1.) A rail gun uses electromagnetic energy to accelerate objects quickly over a short distance. In an experiment, a 2.00 kg projectile remains on the rails of the gun for only 2.10x10-2 s, but in that time it goes from rest to a velocity of 4.00×103 m/s. What is the average acceleration of the projectile?
2.) The city is trying to figure out how long the traffic light should stay yellow at an intersection. The speed limit on the road is 45.0 km/h and the intersection is 23.0 m wide. A car is traveling at the speed limit in the positive direction and can brake with an acceleration of -5.20 m/s2. (a) If the car is to stop on the white line, before entering the intersection, what is the minimum distance from the line at which the driver must apply the brakes? (b) How long should the traffic light stay yellow so that if the car is just closer than that minimum distance when the light turns yellow, it can safely cross the intersection without having to speed up?
a. acceleration=changeinVelocity/time
b. a. vf^2=vi^2+2ad solve for d.
b. time=(d+23 )/velocity
change velocity to m/s first.
1) To find the average acceleration of the projectile, we can use the formula:
average acceleration = (final velocity - initial velocity) / time
Given:
mass of the projectile (m) = 2.00 kg
time (t) = 2.10x10^-2 s
final velocity (v_f) = 4.00x10^3 m/s
initial velocity (v_i) = 0 (since it starts from rest)
Plugging in the values, we get:
average acceleration = (4.00x10^3 m/s - 0) / (2.10x10^-2 s)
= 1.90x10^5 m/s^2
Therefore, the average acceleration of the projectile is 1.90x10^5 m/s^2.
2) (a) To find the minimum distance from the white line at which the driver must apply the brakes, we can use the equation of motion:
final velocity squared = initial velocity squared + 2 * acceleration * distance
Given:
speed limit (v_i) = 45.0 km/h (which we convert to m/s by multiplying by 1000/3600)
acceleration (a) = -5.20 m/s^2
distance (d) = ?
Since the car is coming to a stop, the final velocity (v_f) is 0.
Plugging in the values, we get:
0 = (45.0 m/s)^2 + 2 * (-5.20 m/s^2) * d
Simplifying the equation, we find:
45.0^2 = 10.4 * d
2025 = 10.4 * d
d = 2025 / 10.4
Solving the division, we get:
d ≈ 194.71 m
Therefore, the minimum distance from the white line at which the driver must apply the brakes is approximately 194.71 m.
(b) To find the duration of the yellow light, we can use the formula of motion again:
d = initial velocity * t + (1/2) * acceleration * t^2
Given:
speed limit (v_i) = 45.0 km/h (which we convert to m/s by multiplying by 1000/3600)
acceleration (a) = -5.20 m/s^2
distance (d) = 194.71 m
time (t) = ?
Adding the distance (d) and the initial velocity (v_i) to the equation, we get:
d + v_i * t = (1/2) * a * t^2
194.71 m + (45.0 m/s) * t = (1/2) * (-5.20 m/s^2) * t^2
Rearranging the equation, we find:
0 = (1/2) * (-5.20 m/s^2) * t^2 + (45.0 m/s) * t - 194.71 m
This is a quadratic equation, and we can solve it using the quadratic formula:
t = (-b ± √(b^2 - 4ac)) / (2a)
Plugging in the values, we get:
t = [-(45.0 m/s) ± √((45.0 m/s)^2 - 4 * (1/2) * (-5.20 m/s^2) * (-194.71 m))] / [2 * (1/2) * (-5.20 m/s^2)]
Simplifying the equation, we find:
t = [-(45.0 m/s) ± √(2025 m^2/s^2 + 5097.2424 m^2/s^2)] / (-5.20 m/s^2)
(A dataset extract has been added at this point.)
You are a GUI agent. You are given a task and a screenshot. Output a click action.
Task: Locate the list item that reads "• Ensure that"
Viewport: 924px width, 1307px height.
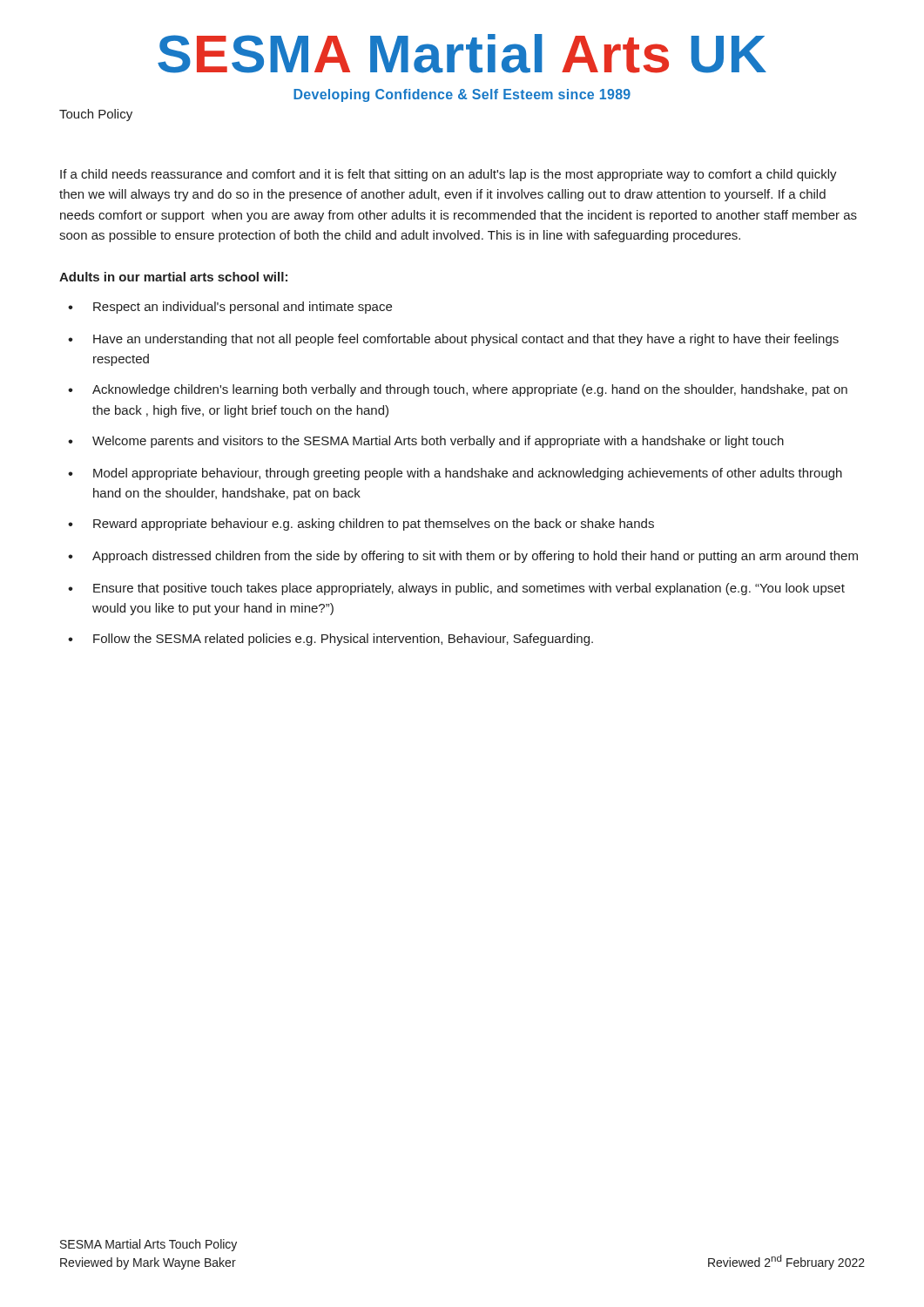tap(462, 598)

Solving the equation, we get two values for t:
t ≈ 7.77 s or t ≈ -8.13 s
Since time cannot be negative, we discard the negative value. Therefore, the duration of the yellow light should be approximately 7.77 seconds.
To summarize:
(a) The minimum distance from the white line at which the driver must apply the brakes is approximately 194.71 meters.
(b) The traffic light should stay yellow for approximately 7.77 seconds so that the car can safely cross the intersection without having to speed up.